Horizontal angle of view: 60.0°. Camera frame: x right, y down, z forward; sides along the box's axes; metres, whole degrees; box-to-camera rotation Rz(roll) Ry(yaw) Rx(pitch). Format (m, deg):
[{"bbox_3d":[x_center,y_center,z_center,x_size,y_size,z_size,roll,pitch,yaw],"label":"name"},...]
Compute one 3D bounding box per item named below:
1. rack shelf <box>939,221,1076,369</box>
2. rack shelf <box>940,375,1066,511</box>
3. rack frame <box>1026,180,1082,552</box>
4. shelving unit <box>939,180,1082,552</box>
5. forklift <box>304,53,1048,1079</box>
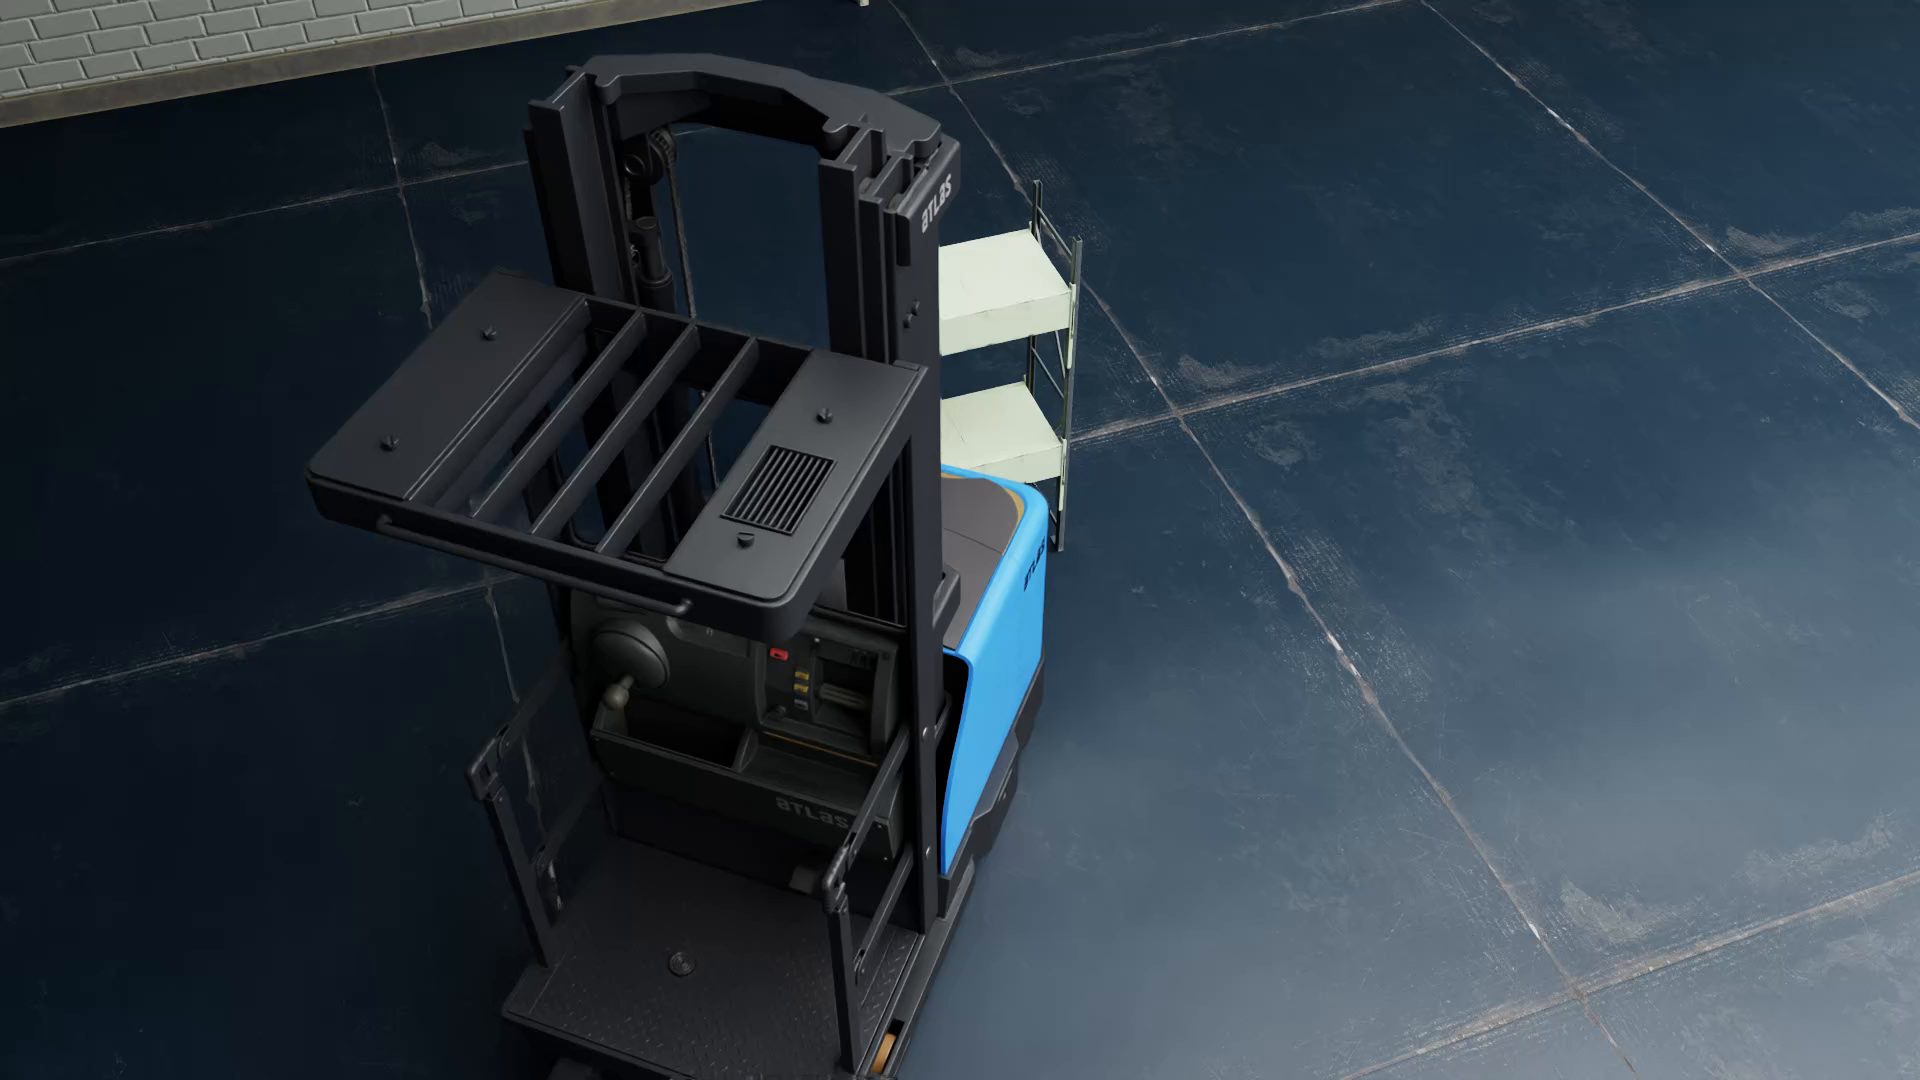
[{"bbox_3d":[-0.006,-0.803,5.941,0.720,0.370,0.431,-14,47,-14],"label":"rack shelf"},{"bbox_3d":[-0.006,-0.298,6.448,0.720,0.370,0.431,-14,47,-14],"label":"rack shelf"},{"bbox_3d":[0.338,-0.616,6.305,0.023,1.500,0.400,-14,47,-14],"label":"rack frame"},{"bbox_3d":[-0.006,-0.528,6.217,0.755,1.500,0.431,-14,47,-14],"label":"shelving unit"},{"bbox_3d":[-0.681,0.420,4.262,1.130,2.935,3.031,15,47,14],"label":"forklift"}]
———
* [PROBLEM REQUIREMENTS]: Show every line of the records above that contains the word "pitch".

* [RESULT OF THIS TASK]:
Horizontal angle of view: 60.0°. Camera frame: x right, y down, z forward; sides along the box's axes; metres, whole degrees; box-to-camera rotation Rz(roll) Ry(yaw) Rx(pitch). Format (m, deg):
[{"bbox_3d":[x_center,y_center,z_center,x_size,y_size,z_size,roll,pitch,yaw],"label":"name"},...]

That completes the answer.